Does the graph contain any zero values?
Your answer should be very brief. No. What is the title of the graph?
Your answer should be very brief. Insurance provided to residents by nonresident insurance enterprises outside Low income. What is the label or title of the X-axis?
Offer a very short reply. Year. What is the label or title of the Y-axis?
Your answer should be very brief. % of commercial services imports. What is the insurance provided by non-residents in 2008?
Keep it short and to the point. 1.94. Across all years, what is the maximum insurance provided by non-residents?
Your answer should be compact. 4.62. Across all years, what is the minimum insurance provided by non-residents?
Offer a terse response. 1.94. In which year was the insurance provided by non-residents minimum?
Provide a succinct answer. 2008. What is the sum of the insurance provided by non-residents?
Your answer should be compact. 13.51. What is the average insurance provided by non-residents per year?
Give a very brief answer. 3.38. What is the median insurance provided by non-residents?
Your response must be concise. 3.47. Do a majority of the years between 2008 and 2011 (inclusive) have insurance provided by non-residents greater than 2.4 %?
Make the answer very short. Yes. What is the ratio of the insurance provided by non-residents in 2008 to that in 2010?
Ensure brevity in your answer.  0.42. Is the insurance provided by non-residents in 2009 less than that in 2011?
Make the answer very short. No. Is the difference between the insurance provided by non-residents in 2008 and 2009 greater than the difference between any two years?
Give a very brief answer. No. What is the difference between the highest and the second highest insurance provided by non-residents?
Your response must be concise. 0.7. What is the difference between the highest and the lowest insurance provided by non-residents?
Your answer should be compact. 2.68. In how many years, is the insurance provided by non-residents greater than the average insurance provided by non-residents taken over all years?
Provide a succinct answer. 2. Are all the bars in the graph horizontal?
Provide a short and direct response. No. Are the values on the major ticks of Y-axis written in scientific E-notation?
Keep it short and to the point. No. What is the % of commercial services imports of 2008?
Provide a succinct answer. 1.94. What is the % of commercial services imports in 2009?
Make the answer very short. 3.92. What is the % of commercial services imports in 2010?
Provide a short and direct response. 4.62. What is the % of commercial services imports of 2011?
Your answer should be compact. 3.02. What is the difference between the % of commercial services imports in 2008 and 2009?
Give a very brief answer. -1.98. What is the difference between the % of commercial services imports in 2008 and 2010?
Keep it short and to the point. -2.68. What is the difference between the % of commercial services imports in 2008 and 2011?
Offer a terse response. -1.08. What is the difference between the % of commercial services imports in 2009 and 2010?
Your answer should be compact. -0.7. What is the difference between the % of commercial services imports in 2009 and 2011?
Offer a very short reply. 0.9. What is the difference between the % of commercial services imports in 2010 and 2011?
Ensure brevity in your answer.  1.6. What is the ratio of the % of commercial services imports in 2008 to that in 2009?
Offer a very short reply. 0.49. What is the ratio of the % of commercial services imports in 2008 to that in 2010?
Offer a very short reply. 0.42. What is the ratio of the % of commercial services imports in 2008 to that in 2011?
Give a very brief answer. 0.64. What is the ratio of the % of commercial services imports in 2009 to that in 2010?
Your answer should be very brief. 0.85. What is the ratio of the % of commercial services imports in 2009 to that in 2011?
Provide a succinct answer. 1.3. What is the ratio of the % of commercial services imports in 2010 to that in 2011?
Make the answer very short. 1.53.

TASK TO CARRY OUT:
Your answer must be the line holding "that in 2009?" plus every later line to the end of the records, copied exactly.

ANSWER TO THE PROBLEM:
Ensure brevity in your answer.  1.6. What is the ratio of the % of commercial services imports in 2008 to that in 2009?
Offer a very short reply. 0.49. What is the ratio of the % of commercial services imports in 2008 to that in 2010?
Offer a very short reply. 0.42. What is the ratio of the % of commercial services imports in 2008 to that in 2011?
Give a very brief answer. 0.64. What is the ratio of the % of commercial services imports in 2009 to that in 2010?
Your answer should be very brief. 0.85. What is the ratio of the % of commercial services imports in 2009 to that in 2011?
Provide a succinct answer. 1.3. What is the ratio of the % of commercial services imports in 2010 to that in 2011?
Make the answer very short. 1.53.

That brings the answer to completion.